Le législateur luxembourgeois prohibe donc désormais ce genre de versement, le déclarant nul de plein droit, et donc sujet à restitution.

 

En outre, pour faciliter l’installation des commerçants, le code civil luxembourgeois plafonne le montant du dépôt de garantie à 6 mois, et crée un droit pour le preneur de remplacer le dépôt par toute autre garantie équivalente (GAPD, assurance, etc.) ce qui ne sera pas sans rappeler le droit des baux d’habitation français. En revanche, en droit des baux commerciaux français, le plafonnement du dépôt de garantie s’effectue naturellement par un droit aux intérêts octroyé au preneur, toute clause contraire étant réputée non écrite.

 

5) Art 1762-6 (nouveau) : encadrement des loyers de la sous-location

 

Autre mesure prévue par le législateur destinée à limiter la spéculation, le preneur à bail ne pourra plus demander au sous-locataire un montant de loyer supérieur au montant du bail principal conclu avec le bailleur, sauf si le preneur principal a effectué des investissements spécifiques en vue de la sous-location comme cela pourrait être le cas pour les brasseries ou les stations-services.

 

6) Suppression du « sursis commercial » mais création du délai de délaissement

 

Pour pallier la particulière liberté accordée au bailleur pour reprendre son immeuble, l’article 1762-8 du Code civil permettait au preneur de demander au juge de paix deux sursis successifs, chacun de six mois maximum, demandes qui devaient impérativement être formulées au plus tard deux mois avant l’expiration du bail, sous peine de déchéance.

 

Compte tenu du droit au renouvellement, et dans un souci de simplification, le sursis commercial a été supprimé et remplacé par un délai de délaissement, introduit sous l’article 1762-9 du Code civil, qui rappellera, là encore, le droit des baux d’habitation français (Article L412-1et suivants du CPCE).

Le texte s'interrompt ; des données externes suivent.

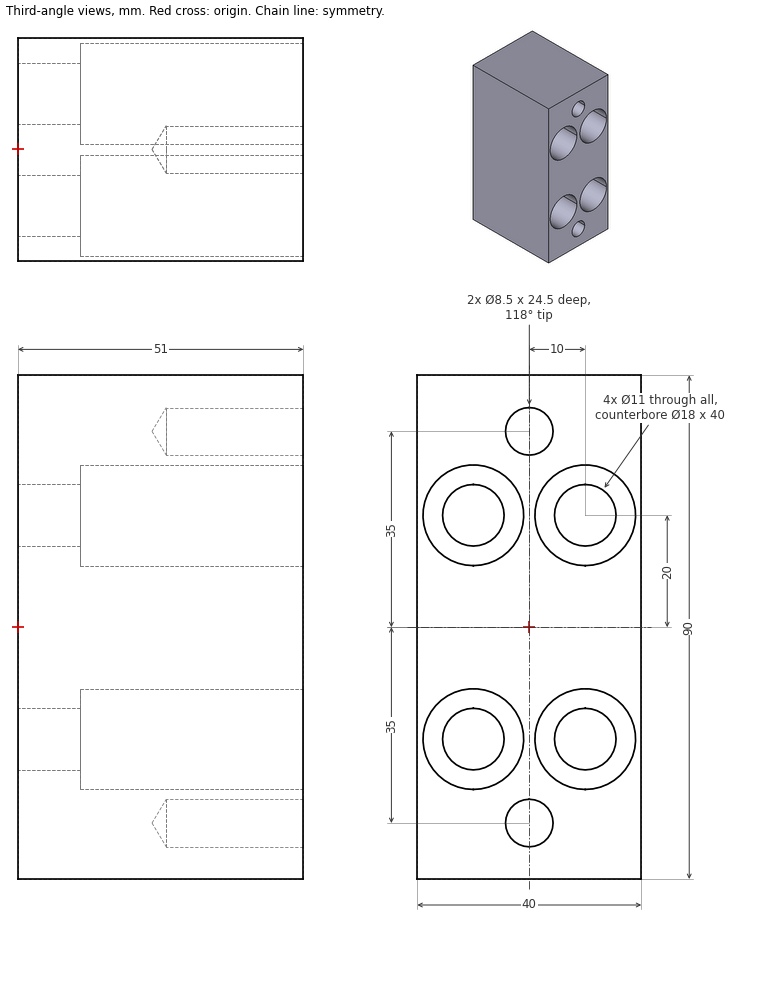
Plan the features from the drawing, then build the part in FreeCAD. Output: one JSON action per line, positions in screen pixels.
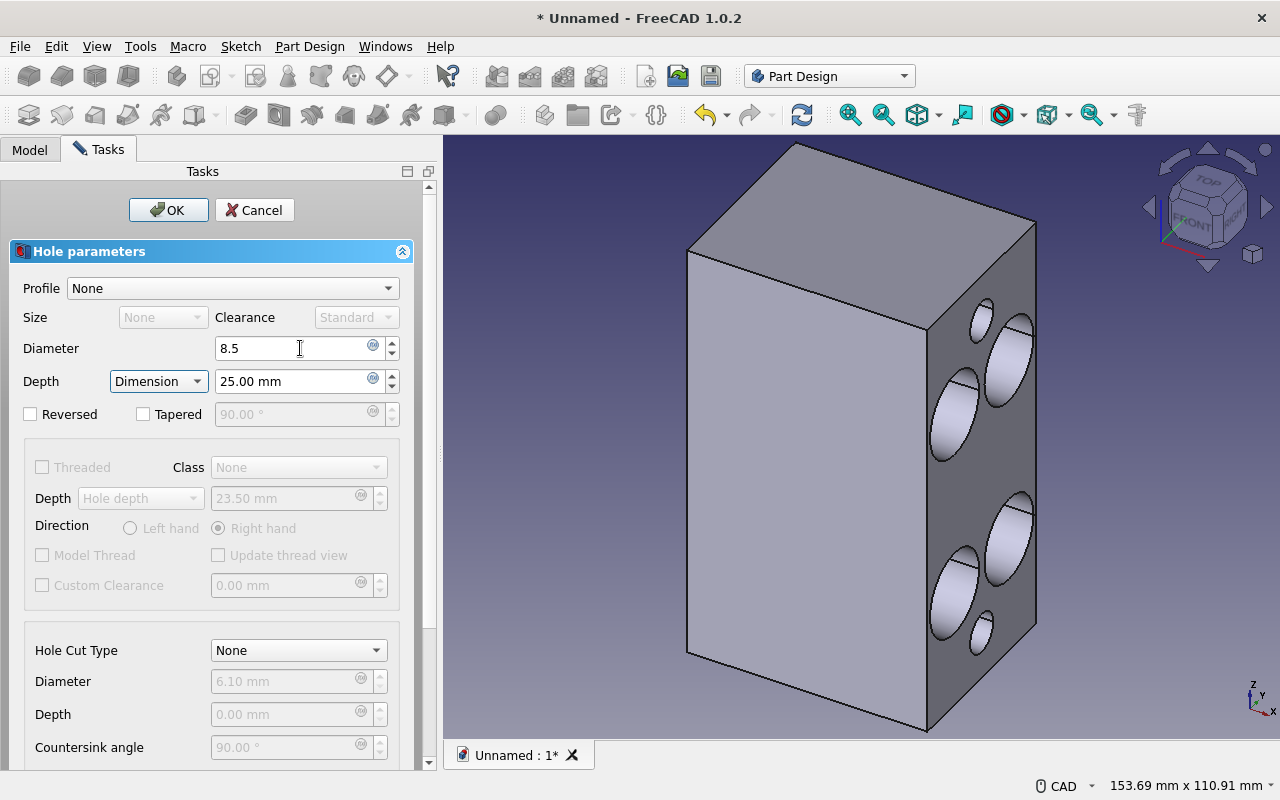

Plus précisément, à l’issue du bail ou de sa résiliation, le bailleur peut obtenir du juge de paix une décision autorisant le déguerpissement forcé du preneur, lequel peut alors requérir du juge de paix qu’il soit sursis à la décision de déguerpissement.

 

S’il est accordé, ce sursis sera unique et limité à neuf mois. Il doit en outre remplir deux conditions :

 

– Le preneur doit être à jour du paiement des loyers et provisions pour charges ;

 

– Le sursis est accordé au preneur

 

7) Article 1762-13 (nouveau) : Instauration d’un droit de préemption pour les locataires

 

De la même manière qu’en droit français (Article L145-46-1), le droit luxembourgeois reconnaît désormais, en matière commerciale, un droit légal de préemption du locataire en cas de vente de l’immeuble loué. Mais contrairement au droit français, seul les locataires dont le bail court depuis 18 ans pourront se prévaloir de ce droit.

 

8) Entrée en vigueur et application de la loi aux contrats en cours

 

Sauf en ce qui concerne la prohibition du pas de porte et du loyer de sous location supérieur au loyer du bail, ces nouvelles dispositions sont applicables aux contrats en cours depuis le 1er mars 2018.